THE TASK:
Set the listing down unchanged, minus every embedded image.

··· INFORMATION PROVIDED ···

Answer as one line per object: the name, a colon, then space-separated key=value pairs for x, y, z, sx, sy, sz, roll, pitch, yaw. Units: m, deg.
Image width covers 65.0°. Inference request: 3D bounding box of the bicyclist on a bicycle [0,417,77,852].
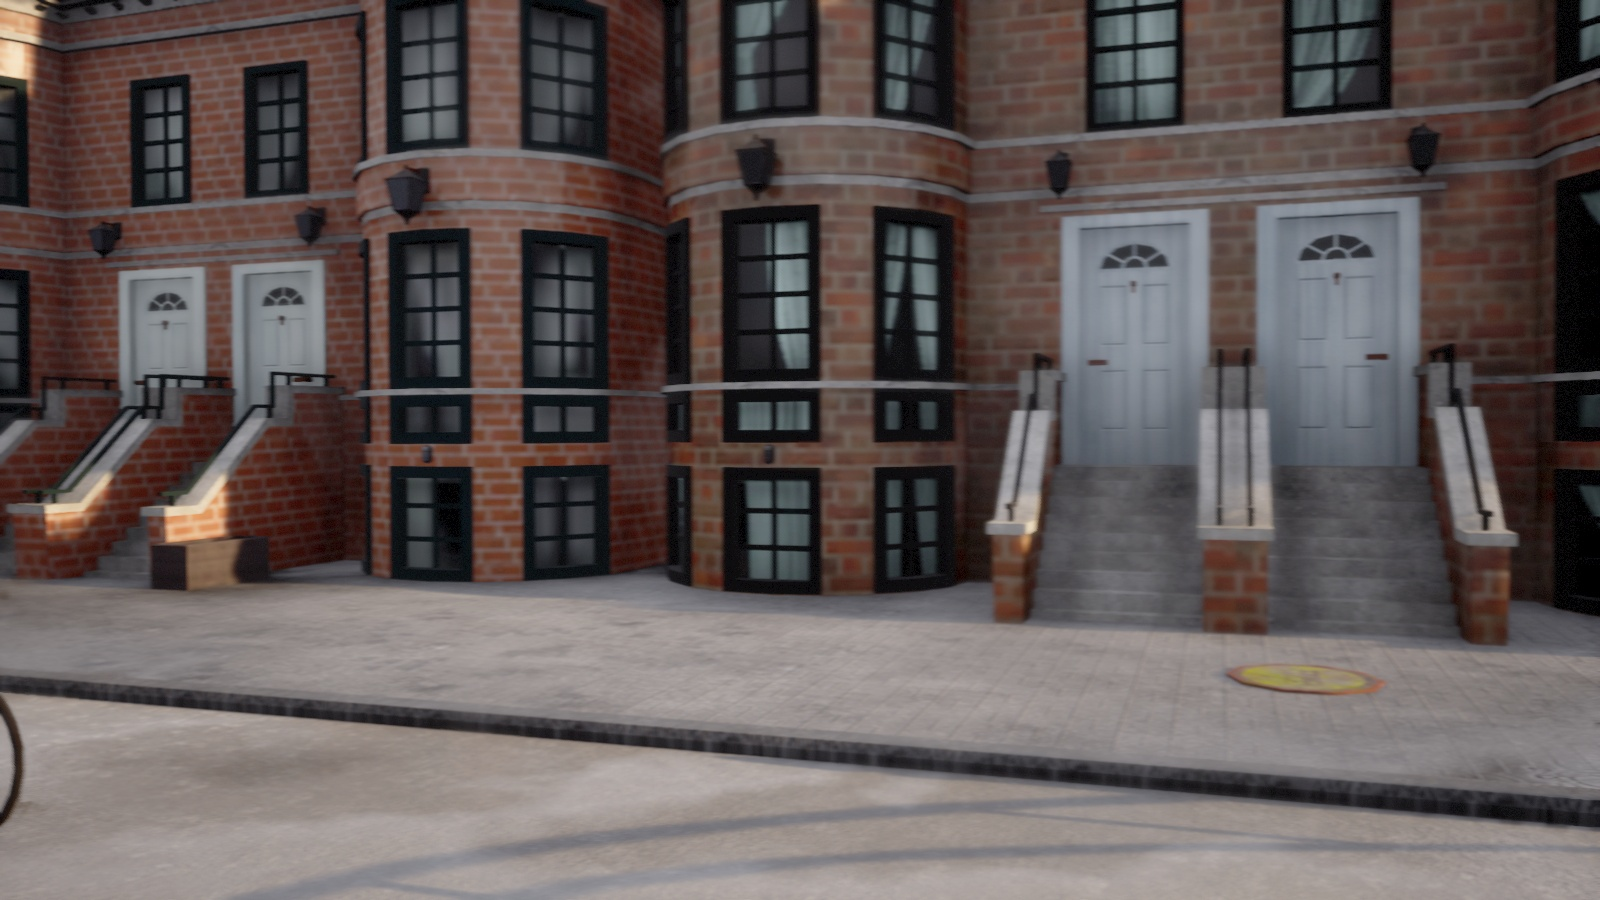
bicyclist on a bicycle: x=-3.758 y=0.686 z=4.974 sx=1.656 sy=1.620 sz=0.582 roll=0 pitch=1 yaw=19

···

EXERCISE RESULT:
Answer as one line per object: the name, a colon, then space-separated key=value pairs for x, y, z, sx, sy, sz, roll, pitch, yaw. Units: m, deg.
Image width covers 65.0°. Inference request: 3D bounding box of the bicyclist on a bicycle [0,417,77,852].
bicyclist on a bicycle: x=-3.758 y=0.686 z=4.974 sx=1.656 sy=1.620 sz=0.582 roll=0 pitch=1 yaw=19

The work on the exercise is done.